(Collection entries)
* * * * * * *

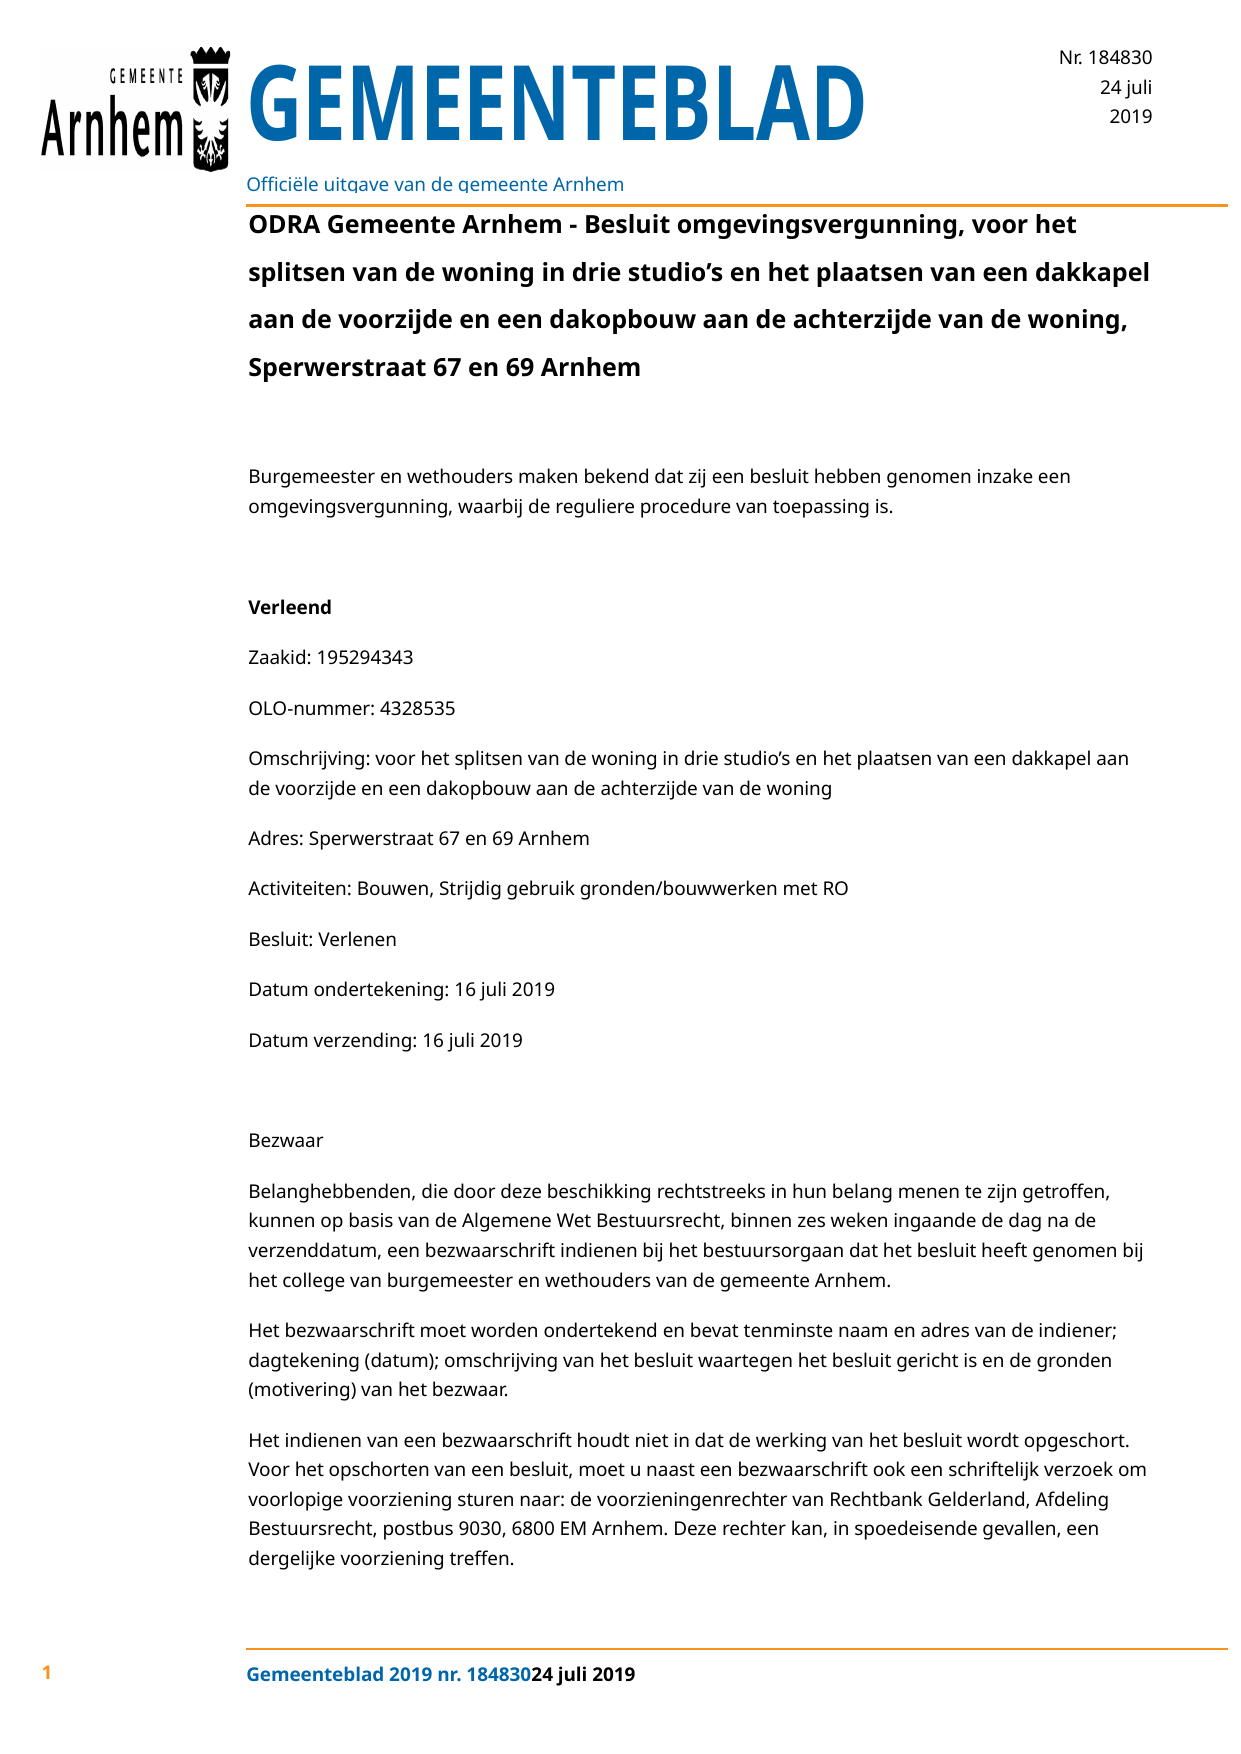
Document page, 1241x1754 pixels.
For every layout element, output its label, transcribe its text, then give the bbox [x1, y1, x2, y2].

text Datum ondertekening: 16 juli 2019 [248, 976, 1152, 1002]
text Omschrijving: voor het splitsen van de woning in drie studio’s en het plaatsen van een dakkapel aan de voorzijde en een dakopbouw aan de achterzijde van de woning [248, 745, 1152, 801]
text Het indienen van een bezwaarschrift houdt niet in dat de werking van het besluit wordt opgeschort. Voor het opschorten van een besluit, moet u naast een bezwaarschrift ook een schriftelijk verzoek om voorlopige voorziening sturen naar: de voorzieningenrechter van Rechtbank Gelderland, Afdeling Bestuursrecht, postbus 9030, 6800 EM Arnhem. Deze rechter kan, in spoedeisende gevallen, een dergelijke voorziening treffen. [248, 1427, 1152, 1571]
text Activiteiten: Bouwen, Strijdig gebruik gronden/bouwwerken met RO [248, 876, 1152, 901]
text Besluit: Verlenen [248, 926, 1152, 952]
text Zaakid: 195294343 [248, 644, 1152, 670]
text Verleend [248, 594, 1152, 620]
text Belanghebbenden, die door deze beschikking rechtstreeks in hun belang menen te zijn getroffen, kunnen op basis van de Algemene Wet Bestuursrecht, binnen zes weken ingaande de dag na de verzenddatum, een bezwaarschrift indienen bij het bestuursorgaan dat het besluit heeft genomen bij het college van burgemeester en wethouders van de gemeente Arnhem. [248, 1178, 1152, 1293]
text ODRA Gemeente Arnhem - Besluit omgevingsvergunning, voor het splitsen van de woning in drie studio’s en het plaatsen van een dakkapel aan de voorzijde en een dakopbouw aan de achterzijde van de woning, Sperwerstraat 67 en 69 Arnhem [248, 207, 1152, 384]
text Adres: Sperwerstraat 67 en 69 Arnhem [248, 825, 1152, 851]
picture [41, 47, 231, 172]
text OLO-nummer: 4328535 [248, 695, 1152, 721]
text Burgemeester en wethouders maken bekend dat zij een besluit hebben genomen inzake een omgevingsvergunning, waarbij de reguliere procedure van toepassing is. [248, 463, 1152, 519]
text Het bezwaarschrift moet worden ondertekend en bevat tenminste naam en adres van de indiener; dagtekening (datum); omschrijving van het besluit waartegen het besluit gericht is en de gronden (motivering) van het bezwaar. [248, 1317, 1152, 1402]
text Datum verzending: 16 juli 2019 [248, 1027, 1152, 1053]
text Bezwaar [248, 1128, 1152, 1153]

* * * * * * *

## REQUIRED ACTION:
Return every entry above exactly as written, with no pictures included.

## FINISHED TASK:
Document page, 1241x1754 pixels.
For every layout element, output its label, transcribe its text, then give the bbox [x1, y1, x2, y2].

text Datum ondertekening: 16 juli 2019 [248, 976, 1152, 1002]
text Omschrijving: voor het splitsen van de woning in drie studio’s en het plaatsen van een dakkapel aan de voorzijde en een dakopbouw aan de achterzijde van de woning [248, 745, 1152, 801]
text Het indienen van een bezwaarschrift houdt niet in dat de werking van het besluit wordt opgeschort. Voor het opschorten van een besluit, moet u naast een bezwaarschrift ook een schriftelijk verzoek om voorlopige voorziening sturen naar: de voorzieningenrechter van Rechtbank Gelderland, Afdeling Bestuursrecht, postbus 9030, 6800 EM Arnhem. Deze rechter kan, in spoedeisende gevallen, een dergelijke voorziening treffen. [248, 1427, 1152, 1571]
text Activiteiten: Bouwen, Strijdig gebruik gronden/bouwwerken met RO [248, 876, 1152, 901]
text Besluit: Verlenen [248, 926, 1152, 952]
text Zaakid: 195294343 [248, 644, 1152, 670]
text Verleend [248, 594, 1152, 620]
text Belanghebbenden, die door deze beschikking rechtstreeks in hun belang menen te zijn getroffen, kunnen op basis van de Algemene Wet Bestuursrecht, binnen zes weken ingaande de dag na de verzenddatum, een bezwaarschrift indienen bij het bestuursorgaan dat het besluit heeft genomen bij het college van burgemeester en wethouders van de gemeente Arnhem. [248, 1178, 1152, 1293]
text ODRA Gemeente Arnhem - Besluit omgevingsvergunning, voor het splitsen van de woning in drie studio’s en het plaatsen van een dakkapel aan de voorzijde en een dakopbouw aan de achterzijde van de woning, Sperwerstraat 67 en 69 Arnhem [248, 207, 1152, 384]
text Adres: Sperwerstraat 67 en 69 Arnhem [248, 825, 1152, 851]
picture [41, 47, 231, 172]
text OLO-nummer: 4328535 [248, 695, 1152, 721]
text Burgemeester en wethouders maken bekend dat zij een besluit hebben genomen inzake een omgevingsvergunning, waarbij de reguliere procedure van toepassing is. [248, 463, 1152, 519]
text Het bezwaarschrift moet worden ondertekend en bevat tenminste naam en adres van de indiener; dagtekening (datum); omschrijving van het besluit waartegen het besluit gericht is en de gronden (motivering) van het bezwaar. [248, 1317, 1152, 1402]
text Datum verzending: 16 juli 2019 [248, 1027, 1152, 1053]
text Bezwaar [248, 1128, 1152, 1153]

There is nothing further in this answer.